---------- RECORDS FOR THIS TASK

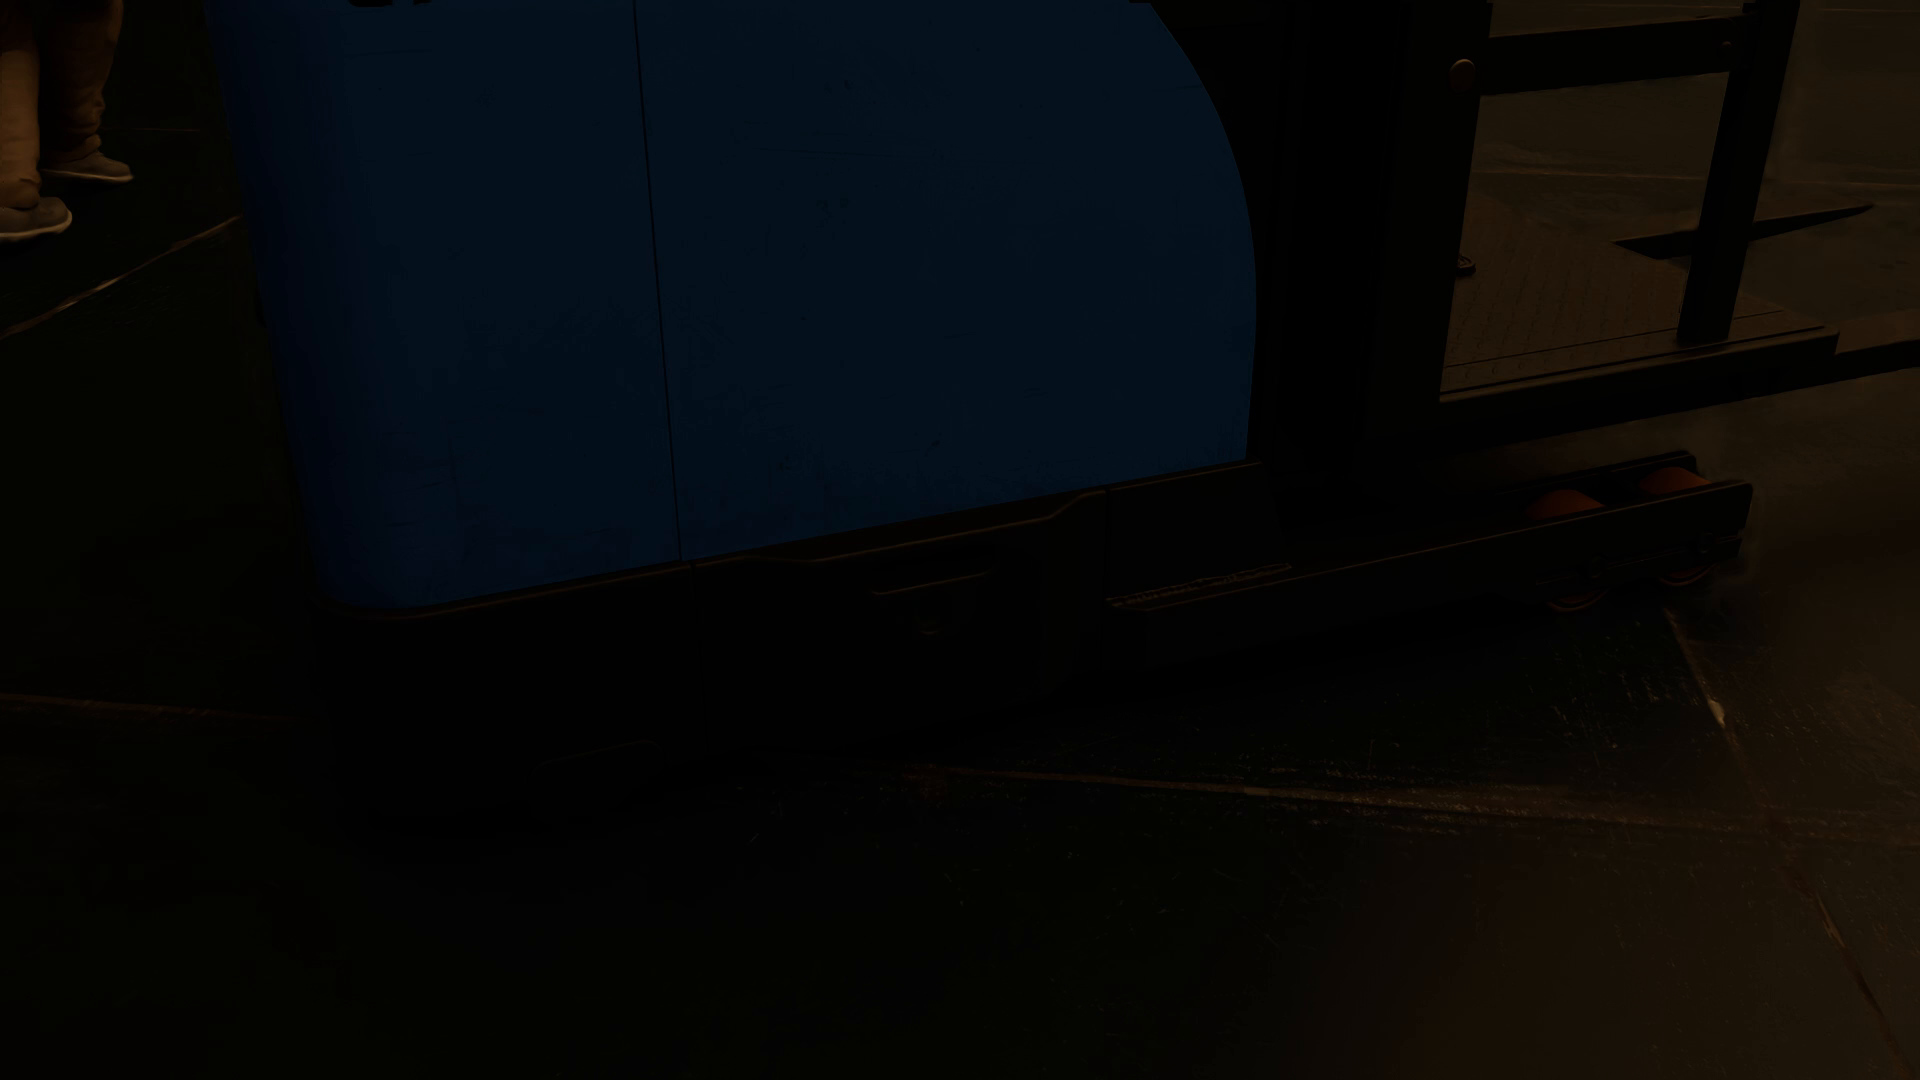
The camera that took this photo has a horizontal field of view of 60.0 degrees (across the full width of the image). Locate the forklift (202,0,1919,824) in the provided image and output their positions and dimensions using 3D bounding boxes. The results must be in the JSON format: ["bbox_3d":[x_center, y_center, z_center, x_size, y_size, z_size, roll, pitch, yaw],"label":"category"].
[{"bbox_3d":[0.562,-1.418,2.058,3.031,2.935,1.130,-11,28,-20],"label":"forklift"}]

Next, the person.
[{"bbox_3d":[-2.112,-1.519,3.797,0.784,1.585,0.809,0,27,1],"label":"person"}]
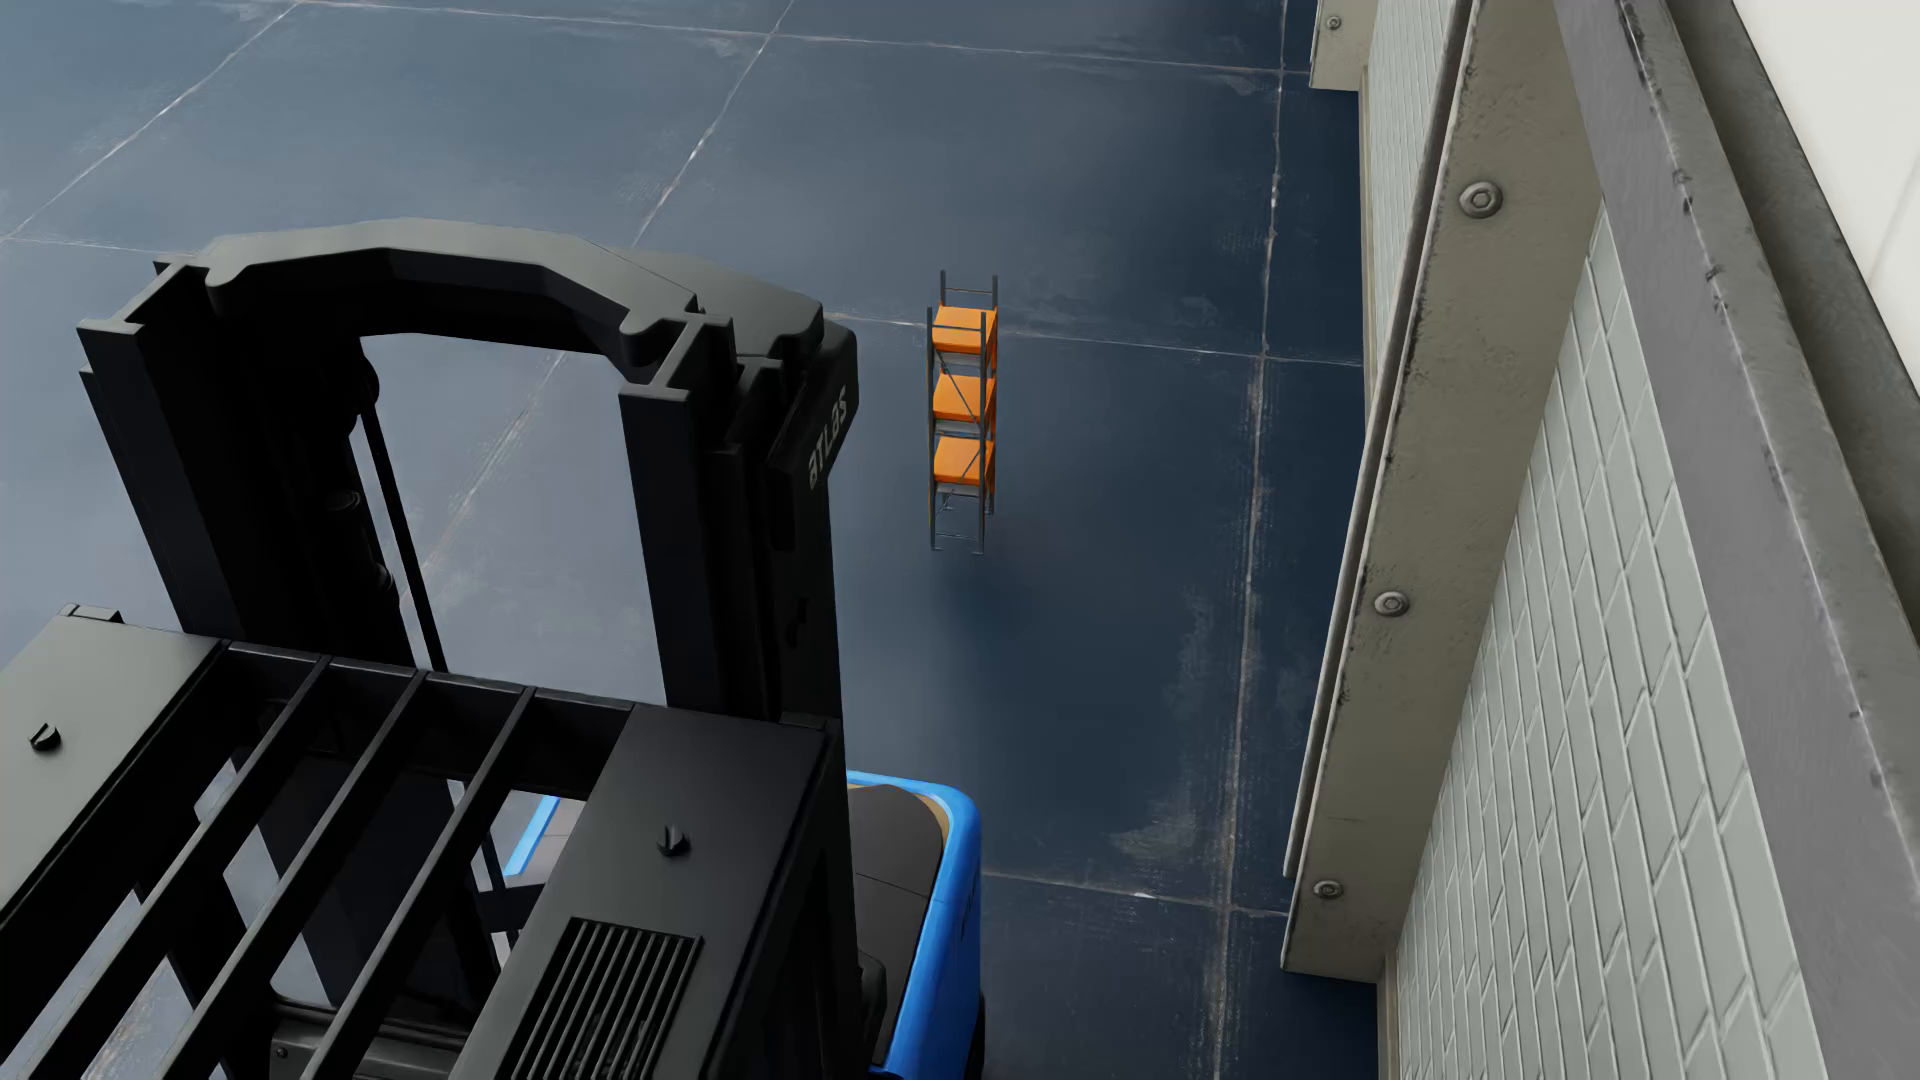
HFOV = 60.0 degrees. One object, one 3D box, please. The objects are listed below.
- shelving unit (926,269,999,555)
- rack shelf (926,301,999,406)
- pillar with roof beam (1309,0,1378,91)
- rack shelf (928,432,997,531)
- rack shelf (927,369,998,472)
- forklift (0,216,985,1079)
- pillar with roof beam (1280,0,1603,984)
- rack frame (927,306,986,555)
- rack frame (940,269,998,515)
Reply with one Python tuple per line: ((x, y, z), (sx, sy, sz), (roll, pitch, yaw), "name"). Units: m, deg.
((0.009, -0.438, 5.956), (0.215, 1.050, 0.252), (6, 40, 8), "shelving unit")
((0.009, -0.649, 5.782), (0.215, 0.259, 0.240), (6, 40, 8), "rack shelf")
((-2.097, -6.585, 7.153), (9.100, 9.000, 0.400), (6, 40, 8), "pillar with roof beam")
((0.009, -0.216, 6.140), (0.215, 0.259, 0.240), (6, 40, 8), "rack shelf")
((0.009, -0.430, 5.963), (0.215, 0.259, 0.240), (6, 40, 8), "rack shelf")
((-0.738, 1.136, 2.576), (1.130, 2.935, 3.031), (8, 40, 9), "forklift")
((-3.136, -2.820, 2.598), (9.100, 9.000, 0.400), (6, 40, 8), "pillar with roof beam")
((-0.012, -0.362, 5.863), (0.200, 1.050, 0.008), (6, 40, 8), "rack frame")
((0.030, -0.515, 6.049), (0.200, 1.050, 0.008), (6, 40, 8), "rack frame")

--------------------

#### TASK BRIEF:
Produce only the lines from the line containing "- forklift (0,216,985,1079)" through the line containing "- rack frame (940,269,998,515)", inclusive of both, exactly as they stand in the entries above.

#### SOLVED PROBLEM:
- forklift (0,216,985,1079)
- pillar with roof beam (1280,0,1603,984)
- rack frame (927,306,986,555)
- rack frame (940,269,998,515)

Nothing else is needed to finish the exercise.